Around 2000, Windows shipped with 500 device drivers, most of them provided by device vendors. Reportedly, 80% of Windows crashes were traced back to faulty device drivers; concurrency errors (incorrect locking and releasing of resources etc.) were the most frequent.
In the Linux 2.4.1 distribution, device drivers have 7 times more errors than the rest of the operating system. Among those, concurrency errors are the most frequent.

Example 3: Northeast American Power Blackout, 14 August 2003¶

World's second most widespread blackout in history:

12:15 p.m. Incorrect power flow telemetry in Ohio detected, but not properly corrected.
1:31 p.m. Eastlake, Ohio generating plant shuts down.
2:02 p.m. First 345 kV line in Ohio fails due to contact with a tree.
2:14 p.m. An alarm system fails at FirstEnergy's control room.
2:27 p.m. A second 345 kV line fails due to a tree.
…
4:10 p.m. Ontario separates from the western New York grid.
4:11 p.m. The Keith-Waterman, Bunce Creek-Scott 230 kV lines and the St. Clair–Lambton #1 230 kV line and #2 345 kV line between Michigan and Ontario fail.
4:12 p.m. Windsor, Ontario, and surrounding areas drop off the grid.
4:12 p.m. Northern New Jersey separates its power-grids from New York and the Philadelphia area, causing a cascade of failing secondary generator plants along the New Jersey coast and throughout the inland regions west.
4:13 p.m. End of cascading failure. 256 power plants are off-line, 85% of which went offline after the grid separations occurred, most due to the action of automatic protective controls.

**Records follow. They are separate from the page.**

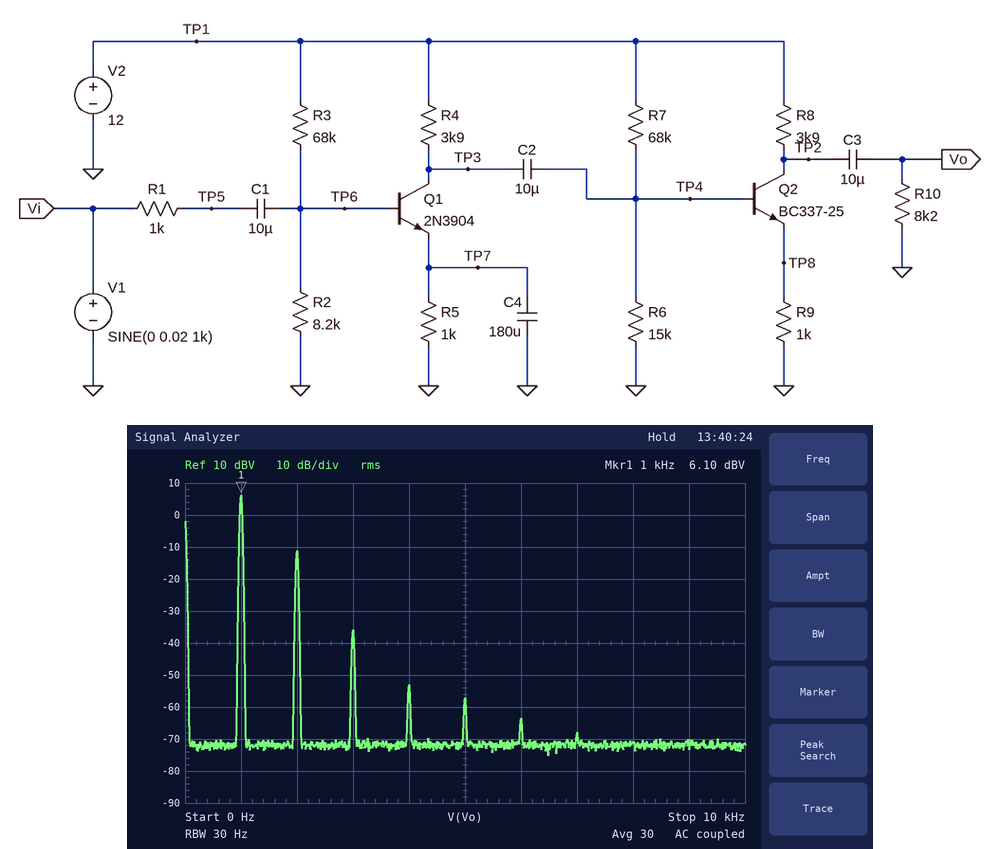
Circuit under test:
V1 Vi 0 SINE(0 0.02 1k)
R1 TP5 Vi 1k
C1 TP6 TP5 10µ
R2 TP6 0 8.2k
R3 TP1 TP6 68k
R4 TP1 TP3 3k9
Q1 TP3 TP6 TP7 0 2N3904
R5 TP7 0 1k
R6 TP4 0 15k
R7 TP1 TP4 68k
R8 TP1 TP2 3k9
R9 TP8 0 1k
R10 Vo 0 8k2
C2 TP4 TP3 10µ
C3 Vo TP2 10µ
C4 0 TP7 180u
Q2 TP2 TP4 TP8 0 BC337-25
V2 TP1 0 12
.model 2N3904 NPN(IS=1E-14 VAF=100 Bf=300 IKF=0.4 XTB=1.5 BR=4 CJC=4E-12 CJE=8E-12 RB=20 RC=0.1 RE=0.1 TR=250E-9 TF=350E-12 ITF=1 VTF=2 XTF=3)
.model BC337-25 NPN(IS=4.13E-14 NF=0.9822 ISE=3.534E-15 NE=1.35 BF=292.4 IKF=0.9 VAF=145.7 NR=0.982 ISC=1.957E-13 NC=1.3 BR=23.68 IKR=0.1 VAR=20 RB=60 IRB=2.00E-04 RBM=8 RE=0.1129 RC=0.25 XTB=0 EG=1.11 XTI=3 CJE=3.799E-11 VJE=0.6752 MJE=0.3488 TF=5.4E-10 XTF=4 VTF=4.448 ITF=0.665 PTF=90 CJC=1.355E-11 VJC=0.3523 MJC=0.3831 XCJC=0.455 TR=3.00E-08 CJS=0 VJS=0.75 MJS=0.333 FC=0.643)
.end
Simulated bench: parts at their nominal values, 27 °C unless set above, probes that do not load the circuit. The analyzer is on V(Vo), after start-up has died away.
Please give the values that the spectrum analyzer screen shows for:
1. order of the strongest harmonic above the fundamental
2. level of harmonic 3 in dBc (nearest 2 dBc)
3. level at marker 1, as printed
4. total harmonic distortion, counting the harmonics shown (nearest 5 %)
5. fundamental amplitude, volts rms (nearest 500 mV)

2
-42 dBc
6.10 dBV
15 %
2.0 V
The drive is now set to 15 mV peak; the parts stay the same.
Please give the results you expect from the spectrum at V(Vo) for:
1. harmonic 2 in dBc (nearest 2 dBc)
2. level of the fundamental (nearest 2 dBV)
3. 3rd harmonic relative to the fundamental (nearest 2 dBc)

-20 dBc
4 dBV
-46 dBc
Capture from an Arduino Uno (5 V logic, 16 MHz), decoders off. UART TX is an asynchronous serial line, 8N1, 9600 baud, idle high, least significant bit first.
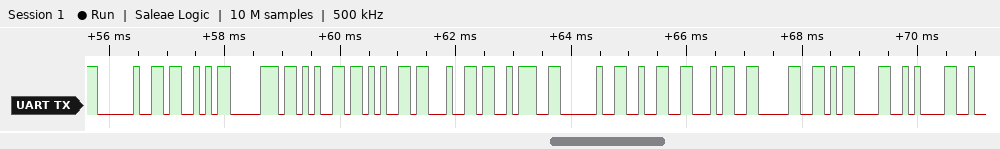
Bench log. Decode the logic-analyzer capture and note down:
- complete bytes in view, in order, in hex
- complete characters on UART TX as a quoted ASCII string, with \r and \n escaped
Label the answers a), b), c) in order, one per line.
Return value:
a) 20 53 70 65 65 64 3A 20 32 34 30 0D 0A
b) " Speed: 240\r\n"
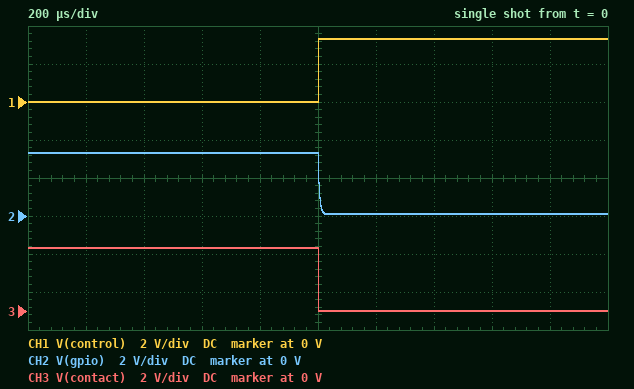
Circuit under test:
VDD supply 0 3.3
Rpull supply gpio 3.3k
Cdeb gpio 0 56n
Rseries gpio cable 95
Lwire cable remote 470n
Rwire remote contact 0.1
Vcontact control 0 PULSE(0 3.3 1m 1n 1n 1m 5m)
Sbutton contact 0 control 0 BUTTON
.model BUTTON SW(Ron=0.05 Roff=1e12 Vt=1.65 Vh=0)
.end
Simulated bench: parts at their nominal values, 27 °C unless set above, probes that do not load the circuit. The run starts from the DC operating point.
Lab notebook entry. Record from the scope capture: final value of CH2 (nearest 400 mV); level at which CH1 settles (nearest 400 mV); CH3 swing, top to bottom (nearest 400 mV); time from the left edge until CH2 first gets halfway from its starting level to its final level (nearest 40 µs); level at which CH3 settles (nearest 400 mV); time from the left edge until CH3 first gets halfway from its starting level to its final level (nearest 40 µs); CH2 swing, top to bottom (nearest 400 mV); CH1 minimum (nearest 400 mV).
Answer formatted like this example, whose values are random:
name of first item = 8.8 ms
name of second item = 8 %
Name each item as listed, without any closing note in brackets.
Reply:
final value of CH2 = 0 V
level at which CH1 settles = 3.2 V
CH3 swing, top to bottom = 3.2 V
time from the left edge until CH2 first gets halfway from its starting level to its final level = 1.00 ms
level at which CH3 settles = 0 V
time from the left edge until CH3 first gets halfway from its starting level to its final level = 1.00 ms
CH2 swing, top to bottom = 3.2 V
CH1 minimum = 0 V
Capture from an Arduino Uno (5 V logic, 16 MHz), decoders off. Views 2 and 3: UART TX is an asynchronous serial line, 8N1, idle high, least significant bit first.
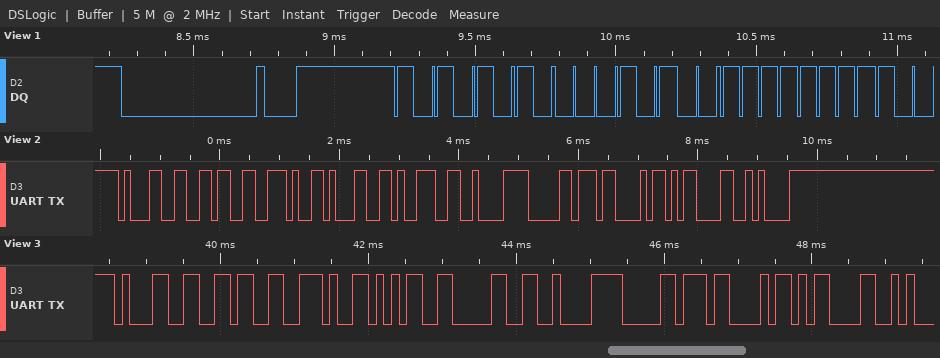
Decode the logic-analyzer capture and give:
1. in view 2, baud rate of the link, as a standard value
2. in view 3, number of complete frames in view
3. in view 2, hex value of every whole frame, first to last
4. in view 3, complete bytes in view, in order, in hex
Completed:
9600 baud
9
0x31 0x36 0x2E 0x31 0x39 0xC2 0xB0 0x43 0x0D 0x0A
0x31 0x36 0x2E 0x35 0x30 0xC2 0xB0 0x43 0x0D
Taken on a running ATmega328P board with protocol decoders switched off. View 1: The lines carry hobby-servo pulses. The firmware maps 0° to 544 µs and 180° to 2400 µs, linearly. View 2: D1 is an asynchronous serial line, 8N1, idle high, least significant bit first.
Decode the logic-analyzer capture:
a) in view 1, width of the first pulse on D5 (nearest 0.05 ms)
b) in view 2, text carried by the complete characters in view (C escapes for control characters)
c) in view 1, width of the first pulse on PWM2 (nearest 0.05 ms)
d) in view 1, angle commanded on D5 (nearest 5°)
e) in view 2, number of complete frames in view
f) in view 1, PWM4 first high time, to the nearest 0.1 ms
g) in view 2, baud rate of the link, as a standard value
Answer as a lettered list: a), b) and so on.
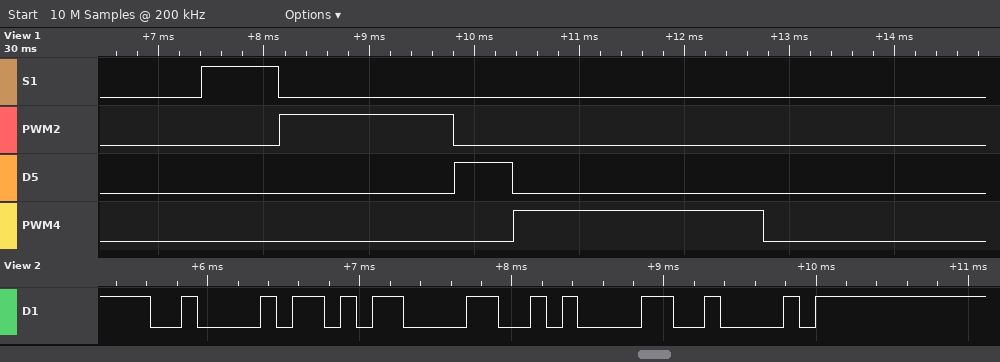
a) 0.55 ms
b) "B\r\nB"
c) 1.65 ms
d) 0°
e) 4
f) 2.4 ms
g) 9600 baud
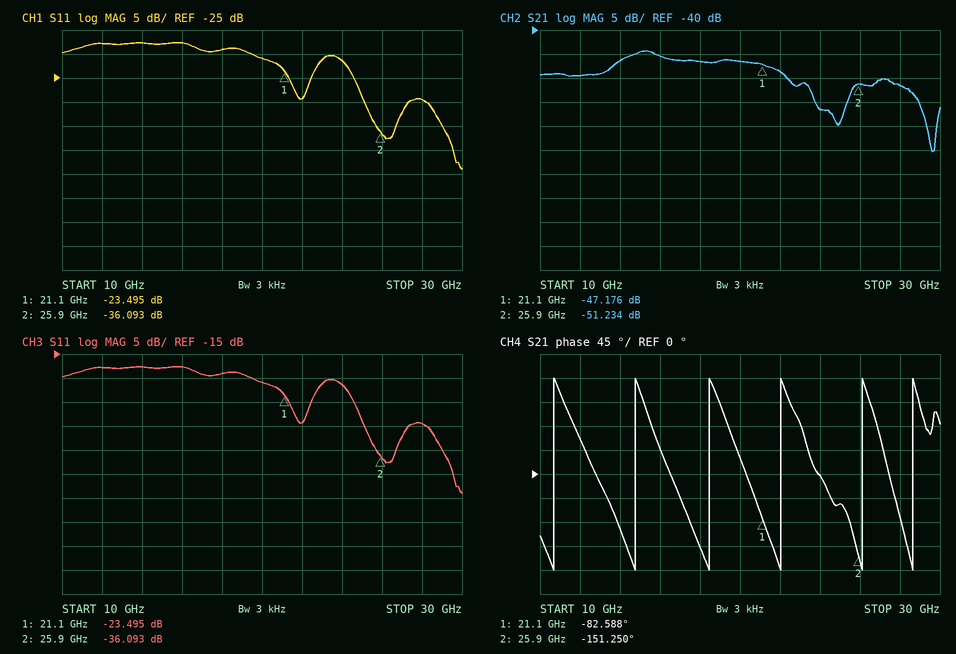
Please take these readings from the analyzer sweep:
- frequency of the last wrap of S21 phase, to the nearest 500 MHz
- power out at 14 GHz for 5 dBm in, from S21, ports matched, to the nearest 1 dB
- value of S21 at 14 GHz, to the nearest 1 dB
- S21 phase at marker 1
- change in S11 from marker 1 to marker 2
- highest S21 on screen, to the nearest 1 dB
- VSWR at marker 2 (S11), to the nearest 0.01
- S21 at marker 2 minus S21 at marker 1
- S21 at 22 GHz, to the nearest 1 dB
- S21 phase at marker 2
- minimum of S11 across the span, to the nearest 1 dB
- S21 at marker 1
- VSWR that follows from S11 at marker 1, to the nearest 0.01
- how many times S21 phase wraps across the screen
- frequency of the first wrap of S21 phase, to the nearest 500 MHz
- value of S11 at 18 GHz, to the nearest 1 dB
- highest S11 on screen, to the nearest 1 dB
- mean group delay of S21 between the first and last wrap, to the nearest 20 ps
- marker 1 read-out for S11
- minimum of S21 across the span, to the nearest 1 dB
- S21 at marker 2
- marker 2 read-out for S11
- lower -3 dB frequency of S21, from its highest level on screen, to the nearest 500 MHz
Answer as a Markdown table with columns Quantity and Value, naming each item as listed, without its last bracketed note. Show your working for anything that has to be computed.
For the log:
| Quantity | Value |
|---|---|
| frequency of the last wrap of S21 phase, to the nearest 500 MHz | 28.5 GHz |
| power out at 14 GHz for 5 dBm in, from S21, ports matched, to the nearest 1 dB | 5 dBm + (-46 dB) = -41 dBm |
| value of S21 at 14 GHz, to the nearest 1 dB | -46 dB |
| S21 phase at marker 1 | -82.588° |
| change in S11 from marker 1 to marker 2 | -36.093 − (-23.495) = -12.598 dB |
| highest S21 on screen, to the nearest 1 dB | -44 dB |
| VSWR at marker 2 (S11), to the nearest 0.01 | (1 + 0.0157)/(1 − 0.0157) ≈ 1.03 |
| S21 at marker 2 minus S21 at marker 1 | -51.234 − (-47.176) = -4.058 dB |
| S21 at 22 GHz, to the nearest 1 dB | -49 dB |
| S21 phase at marker 2 | -151.250° |
| minimum of S11 across the span, to the nearest 1 dB | -44 dB |
| S21 at marker 1 | -47.176 dB |
| VSWR that follows from S11 at marker 1, to the nearest 0.01 | (1 + 0.0669)/(1 − 0.0669) ≈ 1.14 |
| how many times S21 phase wraps across the screen | 6 |
| frequency of the first wrap of S21 phase, to the nearest 500 MHz | 10.5 GHz |
| value of S11 at 18 GHz, to the nearest 1 dB | -19 dB |
| highest S11 on screen, to the nearest 1 dB | -18 dB |
| mean group delay of S21 between the first and last wrap, to the nearest 20 ps | 5 cycles / (28.5 GHz − 10.5 GHz) ≈ 278 ps, so 280 ps to the nearest 20 ps |
| marker 1 read-out for S11 | -23.495 dB |
| minimum of S21 across the span, to the nearest 1 dB | -65 dB |
| S21 at marker 2 | -51.234 dB |
| marker 2 read-out for S11 | -36.093 dB |
| lower -3 dB frequency of S21, from its highest level on screen, to the nearest 500 MHz | 13.5 GHz |
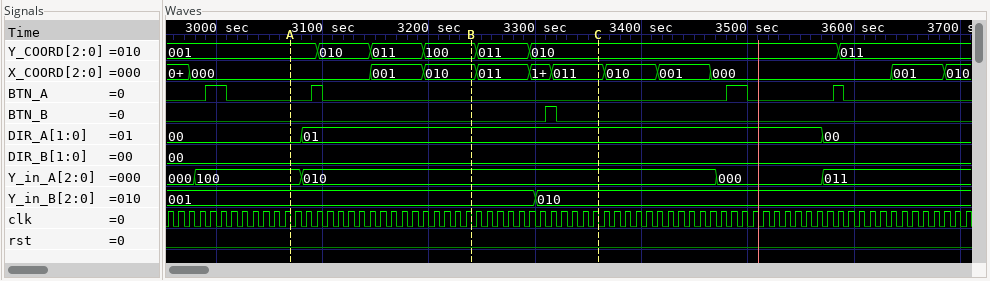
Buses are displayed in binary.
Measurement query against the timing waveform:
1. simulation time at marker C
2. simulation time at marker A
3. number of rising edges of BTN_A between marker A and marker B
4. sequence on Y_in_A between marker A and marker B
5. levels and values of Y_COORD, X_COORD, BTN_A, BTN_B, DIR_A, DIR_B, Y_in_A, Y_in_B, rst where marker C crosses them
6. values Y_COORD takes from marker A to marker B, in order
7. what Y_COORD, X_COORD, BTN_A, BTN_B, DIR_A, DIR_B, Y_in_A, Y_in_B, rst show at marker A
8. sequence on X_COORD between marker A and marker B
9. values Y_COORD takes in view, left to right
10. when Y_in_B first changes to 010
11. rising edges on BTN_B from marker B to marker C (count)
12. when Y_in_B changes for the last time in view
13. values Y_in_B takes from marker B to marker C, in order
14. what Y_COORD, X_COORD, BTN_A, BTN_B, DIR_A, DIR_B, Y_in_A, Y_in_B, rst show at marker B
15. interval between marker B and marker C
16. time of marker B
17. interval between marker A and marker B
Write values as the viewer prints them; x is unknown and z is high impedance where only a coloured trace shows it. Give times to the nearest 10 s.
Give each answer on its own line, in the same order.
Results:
3360 s
3070 s
1
100, 010
Y_COORD=010, X_COORD=011, BTN_A=0, BTN_B=0, DIR_A=01, DIR_B=00, Y_in_A=010, Y_in_B=010, rst=0
001, 010, 011, 100
Y_COORD=001, X_COORD=000, BTN_A=0, BTN_B=0, DIR_A=00, DIR_B=00, Y_in_A=100, Y_in_B=001, rst=0
000, 001, 010
001, 010, 011, 100, 011, 010, 011
3300 s
1
3300 s
001, 010
Y_COORD=100, X_COORD=010, BTN_A=0, BTN_B=0, DIR_A=01, DIR_B=00, Y_in_A=010, Y_in_B=001, rst=0
120 s
3240 s
170 s
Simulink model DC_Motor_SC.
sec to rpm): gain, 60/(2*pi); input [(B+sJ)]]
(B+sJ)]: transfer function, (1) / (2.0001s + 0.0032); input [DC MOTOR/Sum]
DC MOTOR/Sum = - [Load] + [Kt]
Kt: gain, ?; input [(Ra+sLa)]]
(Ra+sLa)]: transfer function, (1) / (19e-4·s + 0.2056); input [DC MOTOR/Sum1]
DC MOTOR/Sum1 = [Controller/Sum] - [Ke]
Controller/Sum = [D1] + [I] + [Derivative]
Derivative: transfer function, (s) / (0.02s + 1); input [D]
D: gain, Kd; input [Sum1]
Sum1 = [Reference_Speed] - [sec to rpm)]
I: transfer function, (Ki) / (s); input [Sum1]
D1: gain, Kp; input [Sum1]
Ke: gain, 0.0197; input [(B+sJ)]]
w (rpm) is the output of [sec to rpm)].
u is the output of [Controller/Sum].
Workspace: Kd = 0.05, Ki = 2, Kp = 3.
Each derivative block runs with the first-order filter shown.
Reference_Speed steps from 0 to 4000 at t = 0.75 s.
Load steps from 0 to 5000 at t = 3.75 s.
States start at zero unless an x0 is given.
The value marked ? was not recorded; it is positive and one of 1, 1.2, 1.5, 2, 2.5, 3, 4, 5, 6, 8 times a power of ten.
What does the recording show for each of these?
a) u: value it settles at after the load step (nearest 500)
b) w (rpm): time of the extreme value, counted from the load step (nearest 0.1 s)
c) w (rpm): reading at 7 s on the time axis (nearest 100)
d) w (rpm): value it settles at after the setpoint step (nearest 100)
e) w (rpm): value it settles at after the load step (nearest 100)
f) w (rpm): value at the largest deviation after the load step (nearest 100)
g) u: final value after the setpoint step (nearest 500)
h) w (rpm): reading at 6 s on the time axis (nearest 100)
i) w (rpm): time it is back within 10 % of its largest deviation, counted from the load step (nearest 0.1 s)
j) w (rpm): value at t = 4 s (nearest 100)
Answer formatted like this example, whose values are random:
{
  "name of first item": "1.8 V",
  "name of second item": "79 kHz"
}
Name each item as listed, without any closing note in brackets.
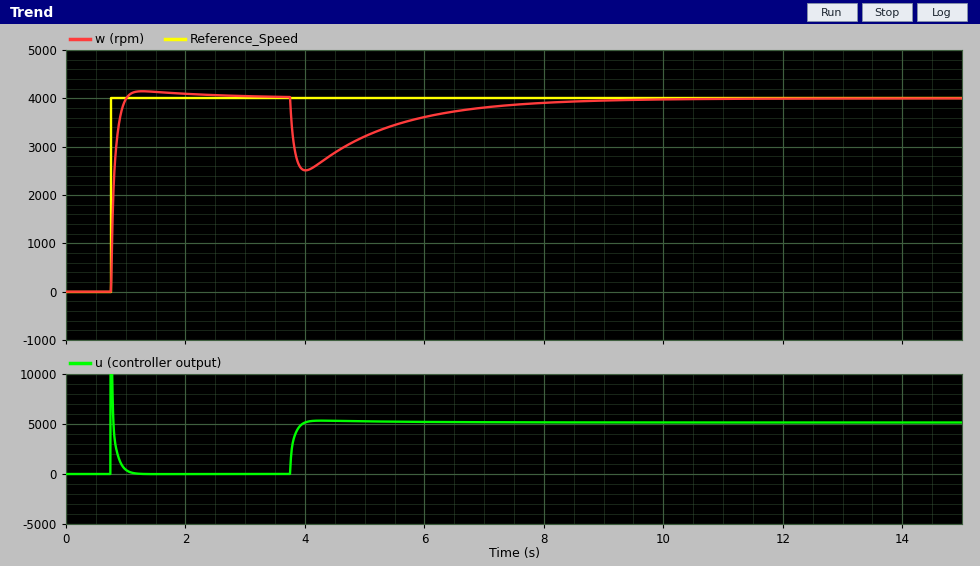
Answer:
{
  "u: value it settles at after the load step": "5000",
  "w (rpm): time of the extreme value, counted from the load step": "0.3 s",
  "w (rpm): reading at 7 s on the time axis": "3800",
  "w (rpm): value it settles at after the setpoint step": "4000",
  "w (rpm): value it settles at after the load step": "4000",
  "w (rpm): value at the largest deviation after the load step": "2500",
  "u: final value after the setpoint step": "0",
  "w (rpm): reading at 6 s on the time axis": "3600",
  "w (rpm): time it is back within 10 % of its largest deviation, counted from the load step": "3.6 s",
  "w (rpm): value at t = 4 s": "2500"
}
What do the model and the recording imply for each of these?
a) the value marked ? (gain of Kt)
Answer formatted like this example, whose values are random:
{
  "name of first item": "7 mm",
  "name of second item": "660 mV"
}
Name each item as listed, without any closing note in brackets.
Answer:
{
  "the value marked ?": "0.2"
}
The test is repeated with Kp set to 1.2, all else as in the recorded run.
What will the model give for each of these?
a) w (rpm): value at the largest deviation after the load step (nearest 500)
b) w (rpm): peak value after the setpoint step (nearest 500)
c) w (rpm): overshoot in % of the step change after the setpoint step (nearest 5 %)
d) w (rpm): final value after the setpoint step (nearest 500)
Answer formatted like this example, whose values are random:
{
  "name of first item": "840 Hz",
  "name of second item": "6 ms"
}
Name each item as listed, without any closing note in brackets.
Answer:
{
  "w (rpm): value at the largest deviation after the load step": "1000",
  "w (rpm): peak value after the setpoint step": "4500",
  "w (rpm): overshoot in % of the step change after the setpoint step": "15 %",
  "w (rpm): final value after the setpoint step": "4000"
}

10 million people in Ontario and 45 million people in eight U.S. states without power

Task Force Report:

… a software bug in General Electric Energy's Unix-based XA/21 energy management system that prevented alarms from showing on their control system. This alarm system stalled because of a race condition. After the alarm system failed silently without being noticed by the operators, unprocessed events (that had to be checked for an alarm) started to queue up and the primary server failed within 30 minutes.

Scientific American:

The event contributed to at least 11 deaths and cost an estimated $6 billion.

Example 4: Therac-25¶

Nancy Leveson and Clark Turner, An Investigation of the Therac-25 Accidents, 1993:

Some of the most widely cited software-related accidents in safety-critical systems involved a computerized radiation therapy machine called the Therac-25. Between June 1985 and January 1987, six known accidents involved massive overdoses by the Therac-25 - with resultant deaths and serious injuries. They have been described as the worst series of radiation accidents in the 35-year history of medical accelerators.

...

It is clear from the AECL [Atomic Energy of Canada Limited] documentation on the modifications that the software allows concurrent access to shared memory, that there is no real synchronization aside from data stored in shared variables, and that the "test" and "set" for such variables are not indivisible operations. Race conditions resulting from this implementation of multitasking played an important part in the accidents.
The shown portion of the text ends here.